American singer-songwriter

Ray Alden (July 2, 1942 – September 19, 2009) was active in the old-time music community for nearly 40 years. He had taught at The Tennessee Banjo Institute, Augusta Folk Heritage Institute, Banjo Camp North, appeared in concerts, workshops, and on recordings. He was best known for his pioneering work recording traditional and second generation Appalachian banjo and fiddle players and styles, for which he received many awards, including a Grammy nomination. They include "Tommy And Fred - North Carolina Master Fiddle-Banjo Duets", "MountAiry USA", "The Young Fogies", and "The American Fogies". His publications include "Advanced Speaker Systems", "Music From Round Peak" and numerous articles and photographs.

Ray Alden was the founder of and frequent contributor to The Field Recorder's Collective.

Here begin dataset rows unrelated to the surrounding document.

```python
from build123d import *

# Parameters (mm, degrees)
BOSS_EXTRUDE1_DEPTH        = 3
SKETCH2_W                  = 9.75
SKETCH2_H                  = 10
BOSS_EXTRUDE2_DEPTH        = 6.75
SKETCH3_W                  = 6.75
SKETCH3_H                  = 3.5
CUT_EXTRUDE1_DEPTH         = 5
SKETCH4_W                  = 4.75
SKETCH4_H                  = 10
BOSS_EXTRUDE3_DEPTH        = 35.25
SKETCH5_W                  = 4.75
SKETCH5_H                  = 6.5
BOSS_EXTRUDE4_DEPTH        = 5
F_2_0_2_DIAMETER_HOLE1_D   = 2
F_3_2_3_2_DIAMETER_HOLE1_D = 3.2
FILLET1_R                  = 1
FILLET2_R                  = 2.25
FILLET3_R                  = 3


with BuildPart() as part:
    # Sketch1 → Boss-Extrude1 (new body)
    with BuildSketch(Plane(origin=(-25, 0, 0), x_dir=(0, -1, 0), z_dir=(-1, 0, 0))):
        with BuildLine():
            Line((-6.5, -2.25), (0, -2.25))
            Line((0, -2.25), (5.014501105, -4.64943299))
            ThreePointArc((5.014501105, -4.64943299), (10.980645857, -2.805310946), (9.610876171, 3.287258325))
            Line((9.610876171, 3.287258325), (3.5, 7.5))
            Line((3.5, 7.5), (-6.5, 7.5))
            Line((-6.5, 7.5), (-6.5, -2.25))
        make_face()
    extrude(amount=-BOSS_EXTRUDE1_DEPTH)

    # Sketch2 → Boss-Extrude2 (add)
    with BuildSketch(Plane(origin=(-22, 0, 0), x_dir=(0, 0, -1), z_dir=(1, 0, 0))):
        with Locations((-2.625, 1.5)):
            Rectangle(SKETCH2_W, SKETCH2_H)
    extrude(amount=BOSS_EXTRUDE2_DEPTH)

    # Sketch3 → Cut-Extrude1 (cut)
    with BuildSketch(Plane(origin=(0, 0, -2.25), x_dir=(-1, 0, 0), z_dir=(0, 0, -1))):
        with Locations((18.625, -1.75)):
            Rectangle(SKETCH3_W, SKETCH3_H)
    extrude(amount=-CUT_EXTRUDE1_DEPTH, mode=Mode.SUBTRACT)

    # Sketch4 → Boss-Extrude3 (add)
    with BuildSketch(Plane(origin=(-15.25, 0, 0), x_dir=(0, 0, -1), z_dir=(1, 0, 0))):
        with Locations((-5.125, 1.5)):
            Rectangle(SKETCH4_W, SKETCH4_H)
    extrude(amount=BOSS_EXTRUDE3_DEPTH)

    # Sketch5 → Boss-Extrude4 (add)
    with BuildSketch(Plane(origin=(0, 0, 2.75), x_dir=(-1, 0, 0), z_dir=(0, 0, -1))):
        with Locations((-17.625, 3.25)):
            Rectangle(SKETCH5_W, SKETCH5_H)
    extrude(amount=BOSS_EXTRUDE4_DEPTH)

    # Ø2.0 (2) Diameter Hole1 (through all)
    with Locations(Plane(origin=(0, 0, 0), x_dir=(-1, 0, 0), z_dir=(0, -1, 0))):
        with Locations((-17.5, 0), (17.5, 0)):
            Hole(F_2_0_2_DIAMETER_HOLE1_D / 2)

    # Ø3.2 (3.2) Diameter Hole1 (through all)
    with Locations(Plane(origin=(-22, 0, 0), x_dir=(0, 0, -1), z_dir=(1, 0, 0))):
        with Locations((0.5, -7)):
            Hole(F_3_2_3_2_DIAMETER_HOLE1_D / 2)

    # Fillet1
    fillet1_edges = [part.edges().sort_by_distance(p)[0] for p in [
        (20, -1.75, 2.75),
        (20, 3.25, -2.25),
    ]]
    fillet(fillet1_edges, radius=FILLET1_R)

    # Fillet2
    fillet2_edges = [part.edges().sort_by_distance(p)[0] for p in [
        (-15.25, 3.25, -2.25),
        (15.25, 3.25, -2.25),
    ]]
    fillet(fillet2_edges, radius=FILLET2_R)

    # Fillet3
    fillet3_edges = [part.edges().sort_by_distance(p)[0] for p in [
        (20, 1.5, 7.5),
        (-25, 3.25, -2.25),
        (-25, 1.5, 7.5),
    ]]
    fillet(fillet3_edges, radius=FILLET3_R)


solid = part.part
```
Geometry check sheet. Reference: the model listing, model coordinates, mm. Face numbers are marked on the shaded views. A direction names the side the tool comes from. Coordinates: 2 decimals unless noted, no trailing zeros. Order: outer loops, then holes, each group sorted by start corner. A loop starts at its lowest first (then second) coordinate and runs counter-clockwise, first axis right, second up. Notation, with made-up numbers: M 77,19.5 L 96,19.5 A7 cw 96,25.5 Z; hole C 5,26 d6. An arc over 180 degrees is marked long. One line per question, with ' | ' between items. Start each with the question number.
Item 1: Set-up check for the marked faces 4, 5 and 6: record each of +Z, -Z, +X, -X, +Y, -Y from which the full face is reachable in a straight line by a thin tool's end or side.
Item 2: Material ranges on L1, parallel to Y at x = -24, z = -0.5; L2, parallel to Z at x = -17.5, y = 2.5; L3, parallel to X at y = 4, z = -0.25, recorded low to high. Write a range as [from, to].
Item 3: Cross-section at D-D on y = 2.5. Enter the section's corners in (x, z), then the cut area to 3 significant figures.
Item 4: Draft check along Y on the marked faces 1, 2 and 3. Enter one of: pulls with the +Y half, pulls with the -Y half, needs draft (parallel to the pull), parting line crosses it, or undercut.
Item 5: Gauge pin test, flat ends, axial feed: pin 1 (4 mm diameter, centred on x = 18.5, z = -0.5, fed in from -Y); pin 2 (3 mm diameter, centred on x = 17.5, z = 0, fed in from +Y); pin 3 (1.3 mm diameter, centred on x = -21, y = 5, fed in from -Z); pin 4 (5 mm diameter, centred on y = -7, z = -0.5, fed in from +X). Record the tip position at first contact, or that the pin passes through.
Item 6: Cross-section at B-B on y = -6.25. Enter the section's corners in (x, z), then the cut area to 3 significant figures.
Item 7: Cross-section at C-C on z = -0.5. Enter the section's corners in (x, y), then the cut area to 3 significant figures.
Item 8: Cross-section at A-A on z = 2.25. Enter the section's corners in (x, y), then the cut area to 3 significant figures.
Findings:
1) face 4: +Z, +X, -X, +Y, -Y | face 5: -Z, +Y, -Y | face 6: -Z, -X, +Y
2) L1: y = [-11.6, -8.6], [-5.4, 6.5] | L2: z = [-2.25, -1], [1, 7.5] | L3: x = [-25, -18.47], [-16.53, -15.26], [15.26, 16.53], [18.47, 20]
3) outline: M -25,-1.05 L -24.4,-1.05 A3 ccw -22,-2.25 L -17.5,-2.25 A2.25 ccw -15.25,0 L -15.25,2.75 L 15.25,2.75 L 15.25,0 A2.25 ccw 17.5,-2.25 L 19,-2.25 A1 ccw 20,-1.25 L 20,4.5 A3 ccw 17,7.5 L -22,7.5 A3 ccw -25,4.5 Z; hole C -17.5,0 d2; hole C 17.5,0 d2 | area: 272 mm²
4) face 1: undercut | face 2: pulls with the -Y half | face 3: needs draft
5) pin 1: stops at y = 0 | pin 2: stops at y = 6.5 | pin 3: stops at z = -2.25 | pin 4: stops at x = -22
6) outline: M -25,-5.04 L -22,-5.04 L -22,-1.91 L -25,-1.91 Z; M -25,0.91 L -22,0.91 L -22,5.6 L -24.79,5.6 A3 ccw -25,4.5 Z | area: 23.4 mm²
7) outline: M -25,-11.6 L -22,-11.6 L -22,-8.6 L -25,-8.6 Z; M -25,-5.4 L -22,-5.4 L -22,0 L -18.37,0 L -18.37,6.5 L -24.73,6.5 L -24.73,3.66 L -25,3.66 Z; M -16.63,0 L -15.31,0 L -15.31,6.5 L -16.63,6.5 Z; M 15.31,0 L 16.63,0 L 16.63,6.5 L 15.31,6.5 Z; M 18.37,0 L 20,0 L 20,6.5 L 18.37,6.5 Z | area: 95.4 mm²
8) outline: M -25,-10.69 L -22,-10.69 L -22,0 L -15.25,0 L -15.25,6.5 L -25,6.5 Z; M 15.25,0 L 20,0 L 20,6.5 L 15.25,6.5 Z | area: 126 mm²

Earlier in life Ray worked as a counselor at Trywoodie Camp in Hyde Park, New York. He also taught mathematics at Stuyvesant High School in New York City for 25 years.

==Discography==
Solo

- Old Time Friends (Marimac 9009, 1987)

With The Round Peak Band

- The Round Peak Band (Marimac 9044, 1992)

With various artists

- Ray's Dream: Ray Alden And Many Friends (Field Recorders' Collective FRC115, 2009) (banjo on 4 tracks)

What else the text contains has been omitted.